Aim of the exercise. Start at the line holding "Also the pill bottle at [178, 0, 400, 68].". Write out that line and each one after it to the end of the data, unchanged.

[Records from a collection]
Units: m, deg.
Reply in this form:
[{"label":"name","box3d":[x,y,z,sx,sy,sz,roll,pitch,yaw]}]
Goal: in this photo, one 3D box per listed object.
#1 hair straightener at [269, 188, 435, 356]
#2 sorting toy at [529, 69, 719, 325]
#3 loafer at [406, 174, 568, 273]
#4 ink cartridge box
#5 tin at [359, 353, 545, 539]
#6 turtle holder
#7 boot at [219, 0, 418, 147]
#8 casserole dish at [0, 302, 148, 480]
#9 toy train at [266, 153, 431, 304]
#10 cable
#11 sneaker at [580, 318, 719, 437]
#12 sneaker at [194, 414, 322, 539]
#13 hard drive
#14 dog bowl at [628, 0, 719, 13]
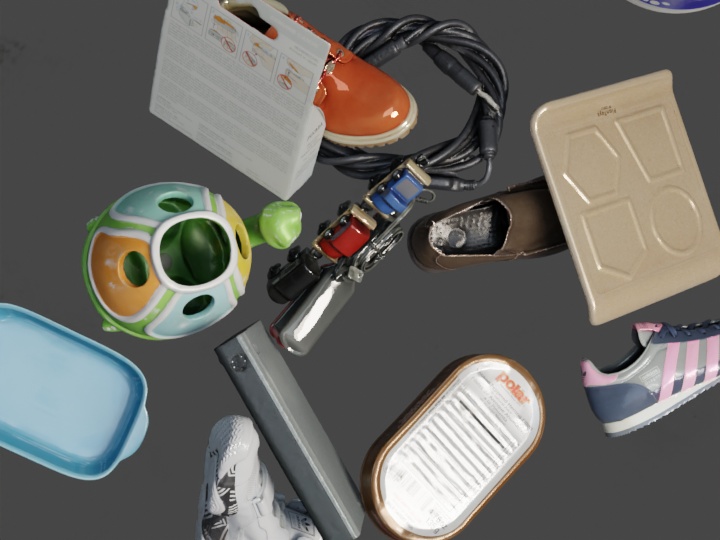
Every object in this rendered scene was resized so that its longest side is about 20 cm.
[{"label":"hair straightener","box3d":[0.000,0.000,1.435,0.200,0.077,0.041,-45,109,-5]},{"label":"sorting toy","box3d":[0.243,-0.069,1.435,0.184,0.036,0.203,-18,93,-35]},{"label":"loafer","box3d":[0.142,-0.040,1.443,0.198,0.071,0.074,-19,90,-3]},{"label":"ink cartridge box","box3d":[-0.099,-0.175,1.365,0.159,0.201,0.047,34,51,11]},{"label":"tin","box3d":[0.087,0.163,1.434,0.112,0.042,0.200,47,74,-9]},{"label":"turtle holder","box3d":[-0.149,-0.007,1.394,0.183,0.131,0.143,13,78,-23]},{"label":"boot","box3d":[-0.043,-0.177,1.384,0.198,0.107,0.076,25,74,20]},{"label":"casserole dish","box3d":[-0.287,0.110,1.438,0.198,0.039,0.122,25,88,-3]},{"label":"toy train","box3d":[-0.013,-0.035,1.410,0.034,0.046,0.200,39,115,-23]},{"label":"cable","box3d":[0.035,-0.158,1.439,0.197,0.051,0.165,7,81,6]},{"label":"sneaker","box3d":[0.295,0.072,1.450,0.199,0.070,0.083,-31,94,-4]},{"label":"sneaker","box3d":[-0.084,0.206,1.398,0.113,0.076,0.202,4,130,-11]},{"label":"hard drive","box3d":[-0.059,0.143,1.397,0.033,0.140,0.202,-29,91,4]},{"label":"dog bowl","box3d":[0.300,-0.344,1.450,0.197,0.079,0.203,0,90,-3]}]
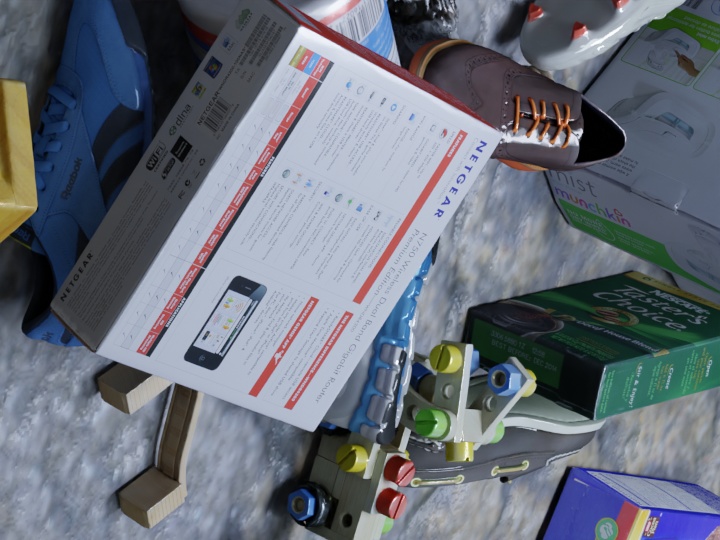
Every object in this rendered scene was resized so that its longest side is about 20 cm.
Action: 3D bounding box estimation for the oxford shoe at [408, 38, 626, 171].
[{"bbox_3d":[0.094,-0.098,1.591,0.200,0.072,0.072,6,91,-58],"label":"oxford shoe"}]

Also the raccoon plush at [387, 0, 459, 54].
[{"bbox_3d":[0.075,-0.195,1.529,0.097,0.134,0.200,-51,143,-18],"label":"raccoon plush"}]

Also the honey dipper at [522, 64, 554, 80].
[{"bbox_3d":[0.046,-0.110,1.638,0.199,0.038,0.038,-3,115,-47],"label":"honey dipper"}]

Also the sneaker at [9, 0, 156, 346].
[{"bbox_3d":[-0.151,-0.054,1.396,0.078,0.066,0.201,-5,110,-18],"label":"sneaker"}]

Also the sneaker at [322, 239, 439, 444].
[{"bbox_3d":[0.000,0.000,1.615,0.075,0.086,0.201,70,34,-73],"label":"sneaker"}]

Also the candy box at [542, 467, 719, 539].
[{"bbox_3d":[0.207,0.248,2.031,0.200,0.077,0.170,12,102,-53],"label":"candy box"}]

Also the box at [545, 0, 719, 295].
[{"bbox_3d":[0.254,-0.083,1.775,0.177,0.200,0.097,-51,143,-18],"label":"box"}]

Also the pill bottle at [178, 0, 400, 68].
[{"bbox_3d":[-0.030,-0.097,1.480,0.112,0.112,0.201,-41,140,-28],"label":"pill bottle"}]

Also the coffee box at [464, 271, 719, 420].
[{"bbox_3d":[0.177,0.049,1.831,0.199,0.123,0.044,-10,116,-47],"label":"coffee box"}]

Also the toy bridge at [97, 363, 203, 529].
[{"bbox_3d":[-0.121,0.056,1.534,0.067,0.027,0.201,-36,137,-33],"label":"toy bridge"}]

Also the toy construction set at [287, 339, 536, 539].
[{"bbox_3d":[0.021,0.131,1.670,0.092,0.131,0.201,31,82,-53],"label":"toy construction set"}]

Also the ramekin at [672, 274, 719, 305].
[{"bbox_3d":[0.315,-0.046,1.963,0.200,0.098,0.201,-29,132,-38],"label":"ramekin"}]

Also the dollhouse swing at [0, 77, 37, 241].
[{"bbox_3d":[-0.278,-0.082,1.229,0.182,0.176,0.200,-37,158,32],"label":"dollhouse swing"}]

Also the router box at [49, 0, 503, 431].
[{"bbox_3d":[-0.042,-0.027,1.399,0.179,0.049,0.200,25,101,-48],"label":"router box"}]

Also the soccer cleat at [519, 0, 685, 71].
[{"bbox_3d":[0.178,-0.183,1.730,0.200,0.069,0.078,-46,144,-28],"label":"soccer cleat"}]

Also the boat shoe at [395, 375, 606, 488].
[{"bbox_3d":[0.087,0.113,1.803,0.201,0.072,0.061,2,115,-45],"label":"boat shoe"}]

Your solution.
Also the pill bottle at [178, 0, 400, 68].
[{"bbox_3d":[-0.030,-0.097,1.480,0.112,0.112,0.201,-41,140,-28],"label":"pill bottle"}]

Also the coffee box at [464, 271, 719, 420].
[{"bbox_3d":[0.177,0.049,1.831,0.199,0.123,0.044,-10,116,-47],"label":"coffee box"}]

Also the toy bridge at [97, 363, 203, 529].
[{"bbox_3d":[-0.121,0.056,1.534,0.067,0.027,0.201,-36,137,-33],"label":"toy bridge"}]

Also the toy construction set at [287, 339, 536, 539].
[{"bbox_3d":[0.021,0.131,1.670,0.092,0.131,0.201,31,82,-53],"label":"toy construction set"}]

Also the ramekin at [672, 274, 719, 305].
[{"bbox_3d":[0.315,-0.046,1.963,0.200,0.098,0.201,-29,132,-38],"label":"ramekin"}]

Also the dollhouse swing at [0, 77, 37, 241].
[{"bbox_3d":[-0.278,-0.082,1.229,0.182,0.176,0.200,-37,158,32],"label":"dollhouse swing"}]

Also the router box at [49, 0, 503, 431].
[{"bbox_3d":[-0.042,-0.027,1.399,0.179,0.049,0.200,25,101,-48],"label":"router box"}]

Also the soccer cleat at [519, 0, 685, 71].
[{"bbox_3d":[0.178,-0.183,1.730,0.200,0.069,0.078,-46,144,-28],"label":"soccer cleat"}]

Also the boat shoe at [395, 375, 606, 488].
[{"bbox_3d":[0.087,0.113,1.803,0.201,0.072,0.061,2,115,-45],"label":"boat shoe"}]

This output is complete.